She watched this sink in.
'And now let me help you out of the door,' she added.
Weaver was never quite certain about what happened next. Granny, usually so sure on her feet, seemed to trip over one of his sticks as she went through the door, and fell backward, holding his shoulders, and somehow her knee came up and hit a spot on his backbone as she twisted sideways, and there was a click–
'Aargh!'
'Sorry!'
'Me back! Me back!'
Still, Jarge reasoned later, she was an old woman. And she might be getting clumsy and she'd always been daft, but she made good potions. They worked damn' fast, too. He was carrying his sticks by the time he got home.
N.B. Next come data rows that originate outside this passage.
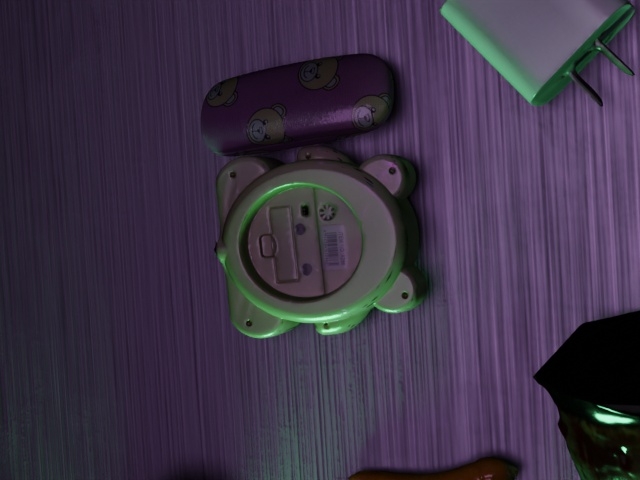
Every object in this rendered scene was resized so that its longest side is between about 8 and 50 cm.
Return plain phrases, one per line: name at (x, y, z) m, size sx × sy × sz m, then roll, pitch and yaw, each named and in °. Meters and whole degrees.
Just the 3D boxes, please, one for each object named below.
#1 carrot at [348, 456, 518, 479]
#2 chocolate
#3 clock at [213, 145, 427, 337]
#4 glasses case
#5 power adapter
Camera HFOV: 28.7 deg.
carrot at (0.166, 0.365, 1.855) m, size 0.271 × 0.062 × 0.066 m, roll -14°, pitch 120°, yaw 27°
chocolate at (0.485, 0.285, 1.579) m, size 0.383 × 0.383 × 0.331 m, roll -3°, pitch 106°, yaw 23°
clock at (0.000, 0.000, 1.876) m, size 0.309 × 0.114 × 0.284 m, roll -6°, pitch 90°, yaw 21°
glasses case at (-0.039, -0.204, 1.887) m, size 0.316 × 0.076 × 0.123 m, roll -7°, pitch 71°, yaw 24°
power adapter at (0.317, -0.292, 1.711) m, size 0.187 × 0.124 × 0.255 m, roll -47°, pitch 75°, yaw 20°
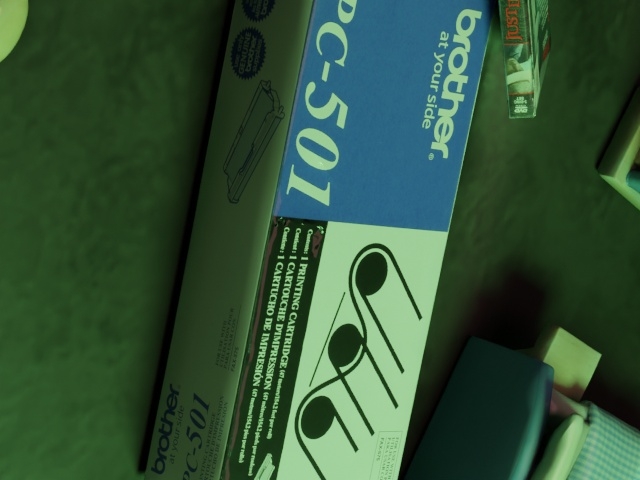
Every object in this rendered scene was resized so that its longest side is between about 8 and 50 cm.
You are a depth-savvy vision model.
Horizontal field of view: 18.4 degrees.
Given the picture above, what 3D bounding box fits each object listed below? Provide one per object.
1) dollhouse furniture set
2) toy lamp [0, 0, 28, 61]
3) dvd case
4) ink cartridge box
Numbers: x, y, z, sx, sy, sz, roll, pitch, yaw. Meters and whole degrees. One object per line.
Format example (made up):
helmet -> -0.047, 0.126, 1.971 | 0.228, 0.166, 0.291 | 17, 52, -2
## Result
dollhouse furniture set -> 0.210, 0.131, 0.878 | 0.286, 0.198, 0.303 | 34, 80, -42
toy lamp -> -0.111, -0.065, 0.614 | 0.080, 0.080, 0.275 | 30, 84, -43
dvd case -> 0.078, -0.118, 0.775 | 0.087, 0.013, 0.119 | -68, 152, -63
ink cartridge box -> 0.000, 0.000, 0.753 | 0.097, 0.046, 0.207 | 5, 99, -44
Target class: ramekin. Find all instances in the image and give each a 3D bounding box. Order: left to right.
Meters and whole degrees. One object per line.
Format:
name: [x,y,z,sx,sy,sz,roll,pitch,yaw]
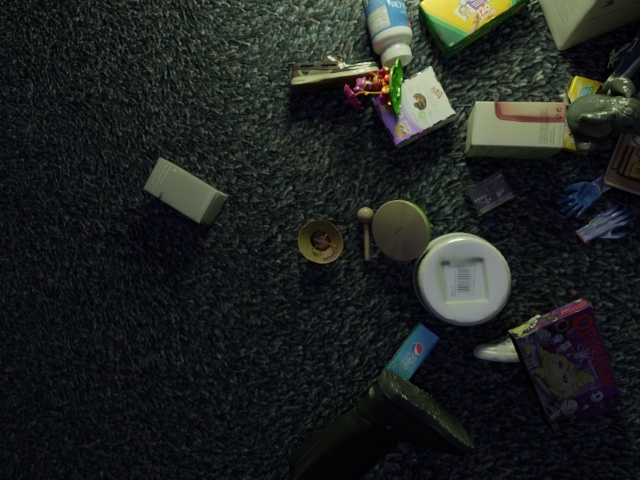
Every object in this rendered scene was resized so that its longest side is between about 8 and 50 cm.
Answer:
ramekin: [0.407,0.114,1.236,0.276,0.135,0.278,0,89,11]

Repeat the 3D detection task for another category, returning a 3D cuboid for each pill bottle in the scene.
pill bottle: [0.207,-0.639,1.292,0.124,0.124,0.222,-14,88,11]

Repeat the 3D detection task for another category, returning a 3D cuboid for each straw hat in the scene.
straw hat: [0.000,0.000,1.356,0.144,0.061,0.145,0,103,0]

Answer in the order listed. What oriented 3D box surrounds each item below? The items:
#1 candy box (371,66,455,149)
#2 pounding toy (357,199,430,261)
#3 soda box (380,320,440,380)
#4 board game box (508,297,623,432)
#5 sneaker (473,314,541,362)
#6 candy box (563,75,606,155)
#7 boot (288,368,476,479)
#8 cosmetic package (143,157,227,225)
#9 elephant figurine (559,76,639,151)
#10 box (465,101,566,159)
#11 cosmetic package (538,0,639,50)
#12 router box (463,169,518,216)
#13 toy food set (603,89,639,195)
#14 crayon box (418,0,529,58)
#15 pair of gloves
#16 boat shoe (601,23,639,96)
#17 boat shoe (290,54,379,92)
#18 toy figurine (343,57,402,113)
candy box: [0.281,-0.397,1.301,0.196,0.070,0.165,-26,84,10]
pounding toy: [0.240,-0.036,1.302,0.236,0.110,0.183,-6,100,40]
soda box: [0.268,0.350,1.293,0.071,0.067,0.210,36,97,9]
board game box: [0.662,0.344,1.154,0.208,0.056,0.347,-28,108,2]
sneaker: [0.575,0.277,1.223,0.289,0.106,0.123,-5,85,0]
candy box: [0.745,-0.356,1.229,0.105,0.027,0.206,19,93,11]
boot: [0.172,0.627,1.262,0.367,0.146,0.445,38,103,-10]
cosmetic package: [-0.446,-0.159,1.426,0.237,0.107,0.127,29,92,13]
elephant figurine: [0.752,-0.324,1.093,0.185,0.239,0.170,1,92,6]
box: [0.540,-0.307,1.208,0.232,0.148,0.127,5,90,11]
cosmetic package: [0.751,-0.751,1.048,0.329,0.393,0.328,-19,86,11]
router box: [0.501,-0.139,1.269,0.122,0.038,0.092,-29,83,10]
toy food set: [0.933,-0.251,1.150,0.219,0.092,0.306,21,90,9]
crayon box: [0.452,-0.695,1.265,0.278,0.081,0.166,-32,84,9]
pair of gloves: [0.783,-0.084,1.221,0.159,0.023,0.198,-31,83,9]
boat shoe: [0.843,-0.504,1.174,0.079,0.095,0.255,39,89,22]
boat shoe: [0.040,-0.531,1.337,0.284,0.103,0.093,-4,93,17]
toy figurine: [0.148,-0.447,1.250,0.159,0.130,0.173,3,65,23]
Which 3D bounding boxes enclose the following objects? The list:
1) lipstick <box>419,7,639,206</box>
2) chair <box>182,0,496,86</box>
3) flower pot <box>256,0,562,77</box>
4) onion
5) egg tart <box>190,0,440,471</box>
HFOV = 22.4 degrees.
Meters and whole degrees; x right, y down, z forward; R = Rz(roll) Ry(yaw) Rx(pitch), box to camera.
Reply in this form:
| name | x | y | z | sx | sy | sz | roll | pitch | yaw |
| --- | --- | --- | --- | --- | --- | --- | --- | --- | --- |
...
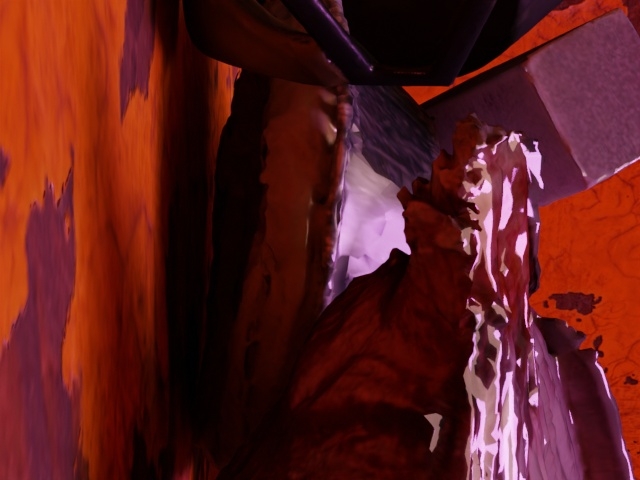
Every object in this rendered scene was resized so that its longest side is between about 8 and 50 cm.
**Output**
| name | x | y | z | sx | sy | sz | roll | pitch | yaw |
| --- | --- | --- | --- | --- | --- | --- | --- | --- | --- |
| lipstick | 0.053 | -0.034 | 0.828 | 0.066 | 0.068 | 0.317 | 62 | -28 | -3 |
| chair | 0.012 | -0.154 | 0.550 | 0.247 | 0.172 | 0.159 | 68 | 21 | -69 |
| flower pot | 0.045 | -0.184 | 0.793 | 0.269 | 0.269 | 0.166 | 89 | 25 | -52 |
| onion | 0.016 | 0.122 | 0.568 | 0.267 | 0.159 | 0.349 | -40 | 125 | -63 |
| egg tart | 0.000 | 0.000 | 0.719 | 0.234 | 0.094 | 0.234 | -172 | -90 | -84 |
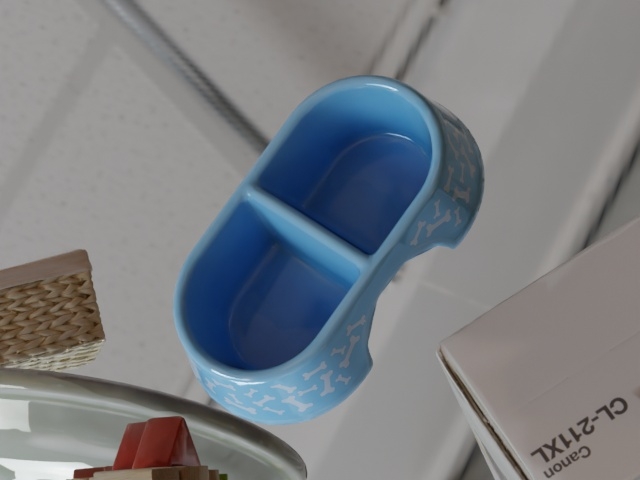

Granny watched him go, shaking her head.
People were so blind, she reflected. They preferred to believe in gibberish rather than chiropracty.
Of course, it was just as well this was so. She'd much rather they went 'oo' when she seemed to know who was approaching her cottage than work out that it conveniently overlooked a bend in the track, and as for the door‑latch and the trick with the length of black thread...
But what had she done? She'd just tricked a rather dim old man.
She'd faced wizards, monsters and elves... and now she was feeling pleased with herself because she'd fooled Jarge Weaver, a man who'd twice failed to become Village Idiot through being overqualified.
It was the slippery slope. Next thing it'd be cackling and gibbering and luring children into the oven. And it wasn't as if she even liked children.
For years Granny Weatherwax had been contented enough with the challenge that village witchcraft could offer. And then she'd been forced to go travelling, and she'd seen a bit of the world, and it had made her itchy–especially at this time of the year, when the geese were flying overhead and the first frost had mugged innocent leaves in the deeper valleys.